**INSTRUCTIONS TO FOLLOW**
Reproduce the whole listing exactly.

**RECORD SET**
◆ ◆ ◆
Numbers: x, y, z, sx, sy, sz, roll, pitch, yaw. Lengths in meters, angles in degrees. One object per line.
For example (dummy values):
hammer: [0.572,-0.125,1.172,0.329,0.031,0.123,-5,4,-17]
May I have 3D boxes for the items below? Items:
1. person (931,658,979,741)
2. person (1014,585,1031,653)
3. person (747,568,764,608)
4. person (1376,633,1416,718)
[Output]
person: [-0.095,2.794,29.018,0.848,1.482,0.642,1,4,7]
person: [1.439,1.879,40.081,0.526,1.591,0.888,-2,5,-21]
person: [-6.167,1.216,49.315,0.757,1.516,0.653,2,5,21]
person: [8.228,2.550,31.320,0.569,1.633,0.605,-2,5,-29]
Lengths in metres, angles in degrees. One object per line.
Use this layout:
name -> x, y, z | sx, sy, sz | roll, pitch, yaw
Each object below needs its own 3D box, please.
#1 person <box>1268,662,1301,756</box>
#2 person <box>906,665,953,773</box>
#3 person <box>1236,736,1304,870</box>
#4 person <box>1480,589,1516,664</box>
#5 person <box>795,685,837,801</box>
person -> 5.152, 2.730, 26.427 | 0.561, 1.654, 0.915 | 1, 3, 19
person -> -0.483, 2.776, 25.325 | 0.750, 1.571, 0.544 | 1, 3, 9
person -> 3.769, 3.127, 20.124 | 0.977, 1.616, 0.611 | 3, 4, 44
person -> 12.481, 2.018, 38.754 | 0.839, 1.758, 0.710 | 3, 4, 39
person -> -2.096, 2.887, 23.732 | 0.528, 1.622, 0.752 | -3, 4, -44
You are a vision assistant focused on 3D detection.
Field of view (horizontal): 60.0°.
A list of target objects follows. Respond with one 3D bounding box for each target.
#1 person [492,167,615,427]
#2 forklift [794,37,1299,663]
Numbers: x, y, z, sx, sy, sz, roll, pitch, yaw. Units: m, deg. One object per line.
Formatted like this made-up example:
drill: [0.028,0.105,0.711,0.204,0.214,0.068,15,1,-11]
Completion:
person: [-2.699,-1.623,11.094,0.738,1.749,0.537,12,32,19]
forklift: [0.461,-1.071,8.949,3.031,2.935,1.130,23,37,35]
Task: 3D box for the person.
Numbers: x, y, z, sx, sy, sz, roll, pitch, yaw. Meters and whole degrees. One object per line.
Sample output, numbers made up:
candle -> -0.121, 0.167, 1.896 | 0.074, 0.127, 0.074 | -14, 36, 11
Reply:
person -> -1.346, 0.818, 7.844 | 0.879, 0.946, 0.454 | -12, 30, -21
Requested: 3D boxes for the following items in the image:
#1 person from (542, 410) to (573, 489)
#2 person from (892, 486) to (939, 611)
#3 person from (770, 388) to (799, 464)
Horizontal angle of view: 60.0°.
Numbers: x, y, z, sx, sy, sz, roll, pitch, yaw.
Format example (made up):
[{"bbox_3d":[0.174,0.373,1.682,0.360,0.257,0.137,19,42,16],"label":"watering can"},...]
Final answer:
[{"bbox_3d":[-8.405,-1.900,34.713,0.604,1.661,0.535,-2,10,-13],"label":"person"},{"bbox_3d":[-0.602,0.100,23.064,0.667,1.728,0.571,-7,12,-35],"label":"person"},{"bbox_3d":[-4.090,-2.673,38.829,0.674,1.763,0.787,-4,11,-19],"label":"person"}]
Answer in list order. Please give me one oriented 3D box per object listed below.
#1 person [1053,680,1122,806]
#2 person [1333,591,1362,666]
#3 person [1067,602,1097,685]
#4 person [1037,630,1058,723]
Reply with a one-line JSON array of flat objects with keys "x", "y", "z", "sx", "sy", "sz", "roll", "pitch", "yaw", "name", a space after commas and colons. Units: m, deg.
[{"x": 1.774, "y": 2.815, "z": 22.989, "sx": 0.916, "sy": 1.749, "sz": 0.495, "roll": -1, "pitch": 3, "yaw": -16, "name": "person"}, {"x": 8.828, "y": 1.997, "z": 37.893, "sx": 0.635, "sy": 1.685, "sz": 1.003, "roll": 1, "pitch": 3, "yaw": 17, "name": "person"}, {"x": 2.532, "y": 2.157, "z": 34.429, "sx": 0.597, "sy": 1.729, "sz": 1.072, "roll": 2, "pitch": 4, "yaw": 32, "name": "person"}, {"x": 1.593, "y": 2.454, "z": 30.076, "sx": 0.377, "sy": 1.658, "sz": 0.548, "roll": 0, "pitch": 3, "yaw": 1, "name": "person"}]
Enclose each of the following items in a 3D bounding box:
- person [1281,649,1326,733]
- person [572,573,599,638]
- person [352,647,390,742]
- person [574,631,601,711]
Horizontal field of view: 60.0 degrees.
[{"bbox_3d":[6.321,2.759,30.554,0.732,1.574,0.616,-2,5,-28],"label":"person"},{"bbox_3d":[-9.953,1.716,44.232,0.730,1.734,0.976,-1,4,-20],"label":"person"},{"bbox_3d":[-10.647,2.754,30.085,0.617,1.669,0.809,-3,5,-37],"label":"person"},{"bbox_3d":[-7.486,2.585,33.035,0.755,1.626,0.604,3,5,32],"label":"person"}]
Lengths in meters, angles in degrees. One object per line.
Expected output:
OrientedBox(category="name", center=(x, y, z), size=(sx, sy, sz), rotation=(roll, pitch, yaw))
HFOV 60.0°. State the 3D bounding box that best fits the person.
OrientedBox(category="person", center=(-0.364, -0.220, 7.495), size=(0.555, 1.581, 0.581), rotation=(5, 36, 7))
◆ ◆ ◆
**WORKED SOLUTION**
Numbers: x, y, z, sx, sy, sz, roll, pitch, yaw. Lengths in meters, angles in degrees. One object per line.
For example (dummy values):
hammer: [0.572,-0.125,1.172,0.329,0.031,0.123,-5,4,-17]
May I have 3D boxes for the items below? Items:
1. person (931,658,979,741)
2. person (1014,585,1031,653)
3. person (747,568,764,608)
4. person (1376,633,1416,718)
[Output]
person: [-0.095,2.794,29.018,0.848,1.482,0.642,1,4,7]
person: [1.439,1.879,40.081,0.526,1.591,0.888,-2,5,-21]
person: [-6.167,1.216,49.315,0.757,1.516,0.653,2,5,21]
person: [8.228,2.550,31.320,0.569,1.633,0.605,-2,5,-29]
Lengths in metres, angles in degrees. One object per line.
Use this layout:
name -> x, y, z | sx, sy, sz | roll, pitch, yaw
Each object below needs its own 3D box, please.
#1 person <box>1268,662,1301,756</box>
#2 person <box>906,665,953,773</box>
#3 person <box>1236,736,1304,870</box>
#4 person <box>1480,589,1516,664</box>
#5 person <box>795,685,837,801</box>
person -> 5.152, 2.730, 26.427 | 0.561, 1.654, 0.915 | 1, 3, 19
person -> -0.483, 2.776, 25.325 | 0.750, 1.571, 0.544 | 1, 3, 9
person -> 3.769, 3.127, 20.124 | 0.977, 1.616, 0.611 | 3, 4, 44
person -> 12.481, 2.018, 38.754 | 0.839, 1.758, 0.710 | 3, 4, 39
person -> -2.096, 2.887, 23.732 | 0.528, 1.622, 0.752 | -3, 4, -44
You are a vision assistant focused on 3D detection.
Field of view (horizontal): 60.0°.
A list of target objects follows. Respond with one 3D bounding box for each target.
#1 person [492,167,615,427]
#2 forklift [794,37,1299,663]
Numbers: x, y, z, sx, sy, sz, roll, pitch, yaw. Units: m, deg. One object per line.
Formatted like this made-up example:
drill: [0.028,0.105,0.711,0.204,0.214,0.068,15,1,-11]
Completion:
person: [-2.699,-1.623,11.094,0.738,1.749,0.537,12,32,19]
forklift: [0.461,-1.071,8.949,3.031,2.935,1.130,23,37,35]
Task: 3D box for the person.
Numbers: x, y, z, sx, sy, sz, roll, pitch, yaw. Meters and whole degrees. One object per line.
Sample output, numbers made up:
candle -> -0.121, 0.167, 1.896 | 0.074, 0.127, 0.074 | -14, 36, 11
Reply:
person -> -1.346, 0.818, 7.844 | 0.879, 0.946, 0.454 | -12, 30, -21
Requested: 3D boxes for the following items in the image:
#1 person from (542, 410) to (573, 489)
#2 person from (892, 486) to (939, 611)
#3 person from (770, 388) to (799, 464)
Horizontal angle of view: 60.0°.
Numbers: x, y, z, sx, sy, sz, roll, pitch, yaw.
Format example (made up):
[{"bbox_3d":[0.174,0.373,1.682,0.360,0.257,0.137,19,42,16],"label":"watering can"},...]
Final answer:
[{"bbox_3d":[-8.405,-1.900,34.713,0.604,1.661,0.535,-2,10,-13],"label":"person"},{"bbox_3d":[-0.602,0.100,23.064,0.667,1.728,0.571,-7,12,-35],"label":"person"},{"bbox_3d":[-4.090,-2.673,38.829,0.674,1.763,0.787,-4,11,-19],"label":"person"}]
Answer in list order. Please give me one oriented 3D box per object listed below.
#1 person [1053,680,1122,806]
#2 person [1333,591,1362,666]
#3 person [1067,602,1097,685]
#4 person [1037,630,1058,723]
Reply with a one-line JSON array of flat objects with keys "x", "y", "z", "sx", "sy", "sz", "roll", "pitch", "yaw", "name", a space after commas and colons. Units: m, deg.
[{"x": 1.774, "y": 2.815, "z": 22.989, "sx": 0.916, "sy": 1.749, "sz": 0.495, "roll": -1, "pitch": 3, "yaw": -16, "name": "person"}, {"x": 8.828, "y": 1.997, "z": 37.893, "sx": 0.635, "sy": 1.685, "sz": 1.003, "roll": 1, "pitch": 3, "yaw": 17, "name": "person"}, {"x": 2.532, "y": 2.157, "z": 34.429, "sx": 0.597, "sy": 1.729, "sz": 1.072, "roll": 2, "pitch": 4, "yaw": 32, "name": "person"}, {"x": 1.593, "y": 2.454, "z": 30.076, "sx": 0.377, "sy": 1.658, "sz": 0.548, "roll": 0, "pitch": 3, "yaw": 1, "name": "person"}]
Enclose each of the following items in a 3D bounding box:
- person [1281,649,1326,733]
- person [572,573,599,638]
- person [352,647,390,742]
- person [574,631,601,711]
Horizontal field of view: 60.0 degrees.
[{"bbox_3d":[6.321,2.759,30.554,0.732,1.574,0.616,-2,5,-28],"label":"person"},{"bbox_3d":[-9.953,1.716,44.232,0.730,1.734,0.976,-1,4,-20],"label":"person"},{"bbox_3d":[-10.647,2.754,30.085,0.617,1.669,0.809,-3,5,-37],"label":"person"},{"bbox_3d":[-7.486,2.585,33.035,0.755,1.626,0.604,3,5,32],"label":"person"}]
Lengths in meters, angles in degrees. One object per line.
Expected output:
OrientedBox(category="name", center=(x, y, z), size=(sx, sy, sz), rotation=(roll, pitch, yaw))
HFOV 60.0°. State the 3D bounding box that best fits the person.
OrientedBox(category="person", center=(-0.364, -0.220, 7.495), size=(0.555, 1.581, 0.581), rotation=(5, 36, 7))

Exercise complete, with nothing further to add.